No AI fatigue yet
AI is not running out of steam. We are 3.5 years into the launch of ChatGPT, and this is still early innings. Bubble watch has gone on for nearly 2 years, but the fear has one real root: the performance gap between the hyperscalers, who spend the money, and the semiconductor makers, who cash the checks. Close that gap and the bubble worries can be set aside, at least for now.
Hyperscalers: cheap and getting better
In order of preference: Google, Amazon, Microsoft, Meta. The pick favors the ones that own the infrastructure, own the software, own the distribution, and own the customer relationship, with the most cohesive offering. Token costs are falling while token prices stay steady, which sets these firms up for a second quarter of better return on invested capital. That means the heavy CapEx will be well spent. These stocks are now cheaper on price-to-earnings than they have been in the last 3 years, which makes them a buying chance. The stance on the group stays bullish, with operating cash flow and CapEx expected to keep improving.

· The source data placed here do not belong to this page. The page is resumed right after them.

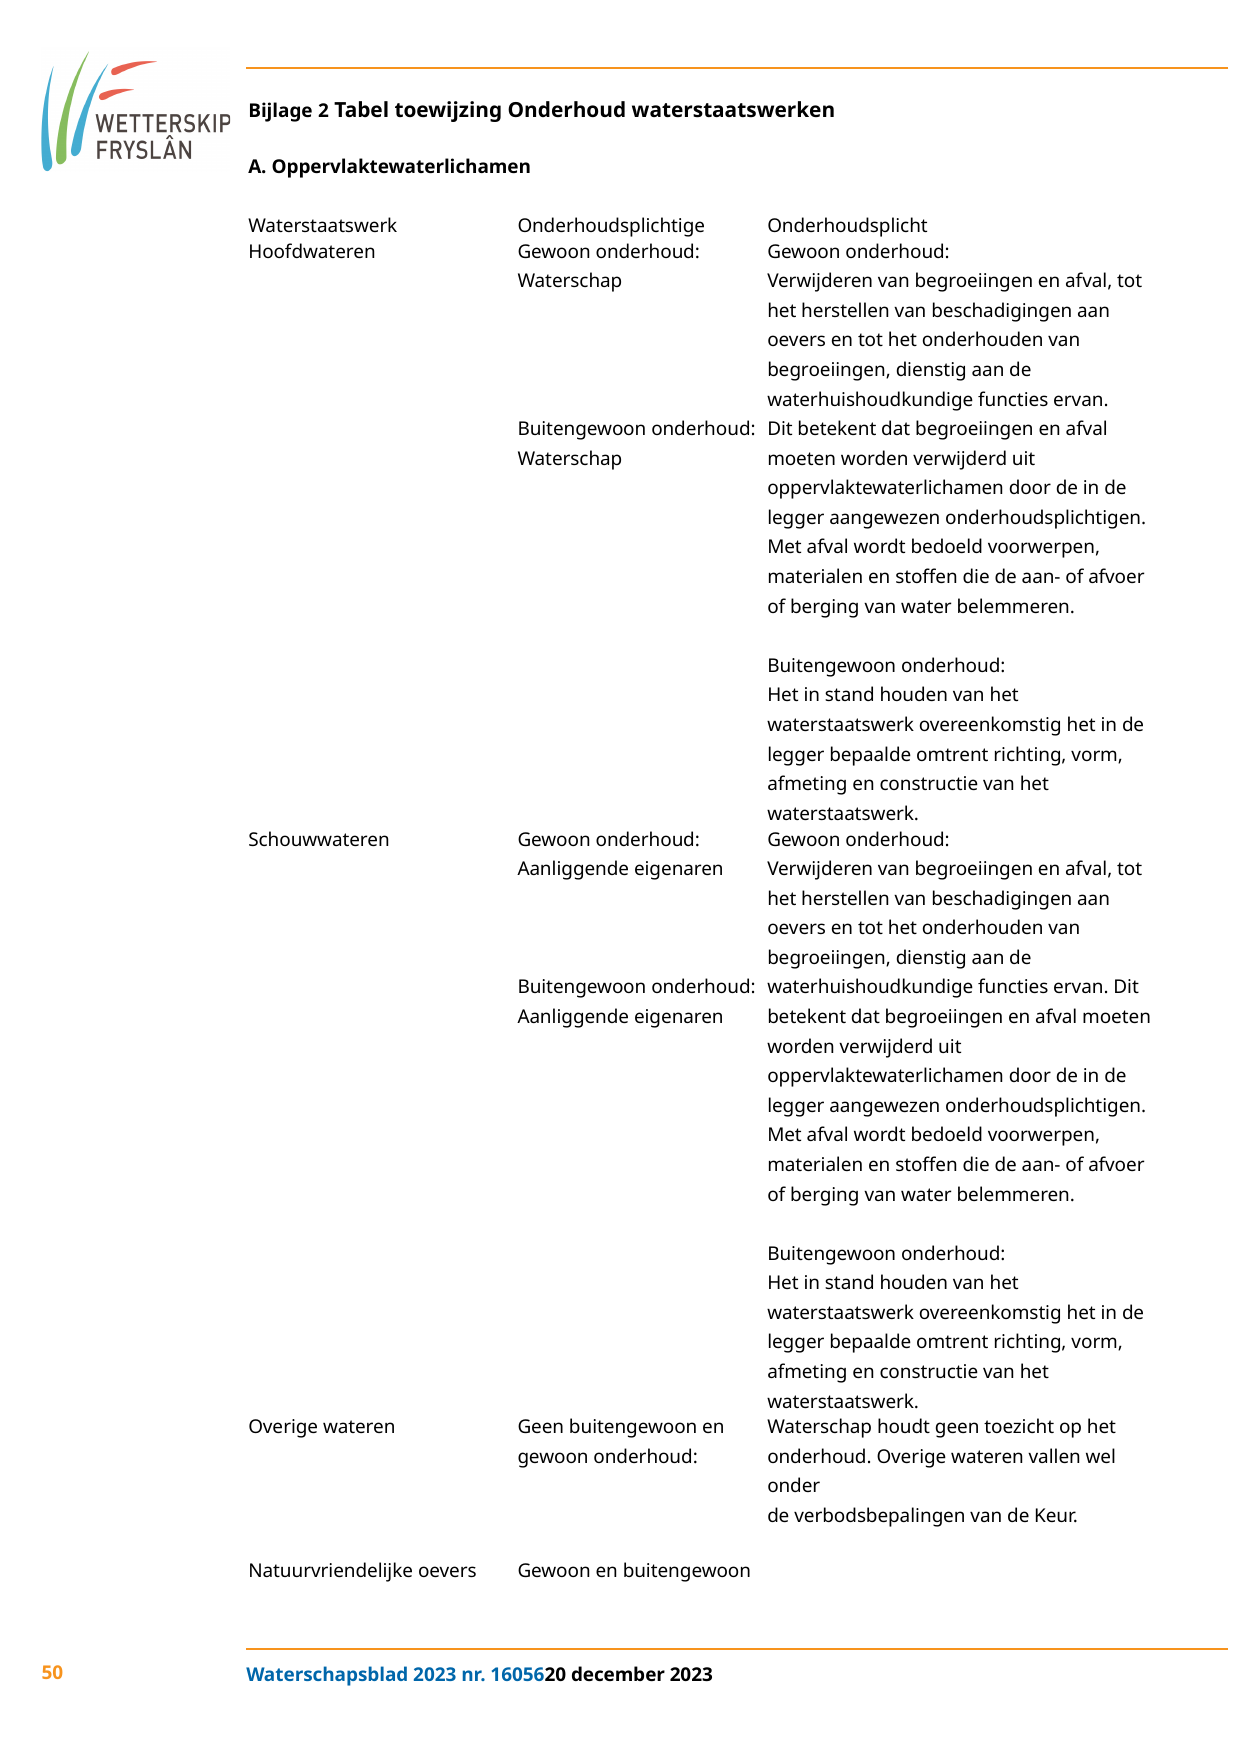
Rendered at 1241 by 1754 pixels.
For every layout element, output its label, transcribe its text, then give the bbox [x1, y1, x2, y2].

text A. Oppervlaktewaterlichamen [248, 153, 1152, 179]
table_cell Hoofdwateren [248, 238, 517, 826]
table_header Waterstaatswerk [248, 212, 517, 238]
table_cell Gewoon onderhoud: Verwijderen van begroeiingen en afval, tot het herstellen van beschadigingen aan oevers en tot het onderhouden van begroeiingen, dienstig aan de waterhuishoudkundige functies ervan. Dit betekent dat begroeiingen en afval moeten worden verwijderd uit oppervlaktewaterlichamen door de in de legger aangewezen onderhoudsplichtigen. Met afval wordt bedoeld voorwerpen, materialen en stoffen die de aan- of afvoer of berging van water belemmeren. Buitengewoon onderhoud: Het in stand houden van het waterstaatswerk overeenkomstig het in de legger bepaalde omtrent richting, vorm, afmeting en constructie van het waterstaatswerk. [767, 826, 1152, 1413]
picture [41, 47, 231, 172]
table_cell Gewoon onderhoud: Waterschap Buitengewoon onderhoud: Waterschap [517, 238, 767, 826]
table_cell Gewoon onderhoud: Aanliggende eigenaren Buitengewoon onderhoud: Aanliggende eigenaren [517, 826, 767, 1413]
table_cell Gewoon onderhoud: Verwijderen van begroeiingen en afval, tot het herstellen van beschadigingen aan oevers en tot het onderhouden van begroeiingen, dienstig aan de waterhuishoudkundige functies ervan. Dit betekent dat begroeiingen en afval moeten worden verwijderd uit oppervlaktewaterlichamen door de in de legger aangewezen onderhoudsplichtigen. Met afval wordt bedoeld voorwerpen, materialen en stoffen die de aan- of afvoer of berging van water belemmeren. Buitengewoon onderhoud: Het in stand houden van het waterstaatswerk overeenkomstig het in de legger bepaalde omtrent richting, vorm, afmeting en constructie van het waterstaatswerk. [767, 238, 1152, 826]
table_cell Schouwwateren [248, 826, 517, 1413]
table_header Onderhoudsplicht [767, 212, 1152, 238]
table_cell Overige wateren [248, 1414, 517, 1558]
table_cell Geen buitengewoon en gewoon onderhoud: [517, 1414, 767, 1558]
text Bijlage 2 Tabel toewijzing Onderhoud waterstaatswerken [248, 95, 1152, 123]
table_header Onderhoudsplichtige [517, 212, 767, 238]
table_cell [767, 1558, 1152, 1583]
table_cell Natuurvriendelijke oevers [248, 1558, 517, 1583]
table_cell Waterschap houdt geen toezicht op het onderhoud. Overige wateren vallen wel onder de verbodsbepalingen van de Keur. [767, 1414, 1152, 1558]
table_cell Gewoon en buitengewoon [517, 1558, 767, 1583]

Semiconductors: the age of custom chips
Top semi pick is Broadcom, overlooked in all the noise. The age of custom ASIC silicon has arrived. At the end of Q4 the major US frontier labs decided to make money from their models, which flipped the industry from training into inferencing. Inferencing needs 2 to 3 times more compute and 3 to 4 times more memory than training. To keep that cheap, custom ASICs help: they run about 30 to 40% lower on compute and use roughly 50% less energy.
Broadcom's partnership with Apple, announced this week, is a bullish sign. The part people miss, because everyone watches memory, is that networking silicon has grown just as fast. The push comes from the shift from 800G to 1.6T in the scale-up and scale-out designs inside data centers. Broadcom holds a 70% share of the switching silicon business, and that revenue should grow to about 3 times this year what it was last year.
Jackson Square Capital's top 10 holdings: Nvidia, Apple, Broadcom, Google, Eli Lilly, Amazon, Microsoft, KLAC, Caterpillar, and Coherent.
China and cybersecurity
Open-weight Chinese models are closing the gap with US frontier models in finding software weak spots. Per the Brookings Institute, they sit 6 to 9 months behind the best US labs. With the top model being Claude Mythos, and the recent scramble to prepare systems for it, US companies are unlikely to cut back on cybersecurity spending. Order of preference there: CrowdStrike, then Palo Alto Networks, then the recent addition Tenable One, which sits right in vulnerability discovery and management.
Token economics
Falling token costs plus steady token prices make a good mix, close to perfect right now. Run the Moore's law idea on token costs and they keep dropping, even though compute is expensive and memory prices are higher, because each unit gets more usage, tied back to the custom ASICs Broadcom helps deliver. Token costs will fall faster than token prices. To get enterprises building their own AI applications, the model makers will eventually push token pricing back down. That is likely another year or so away.
The macro backdrop
Year-end target stays at 7840. The backdrop stays supportive on record consumer cash and continued stimulus from the one big beautiful bill. The consumer has been strong. Consumer sentiment hit a two standard deviation low last month, about as bad as it gets, so it can only rise from here, especially if gasoline prices drop. That opens a chance in consumer discretionary stocks such as apparel, though the exact play is not yet pinned down. The heaviest exposure belongs in tech, networking equipment, and semiconductors, above all the recently overlooked names. The 15% pullback is a chance to reload.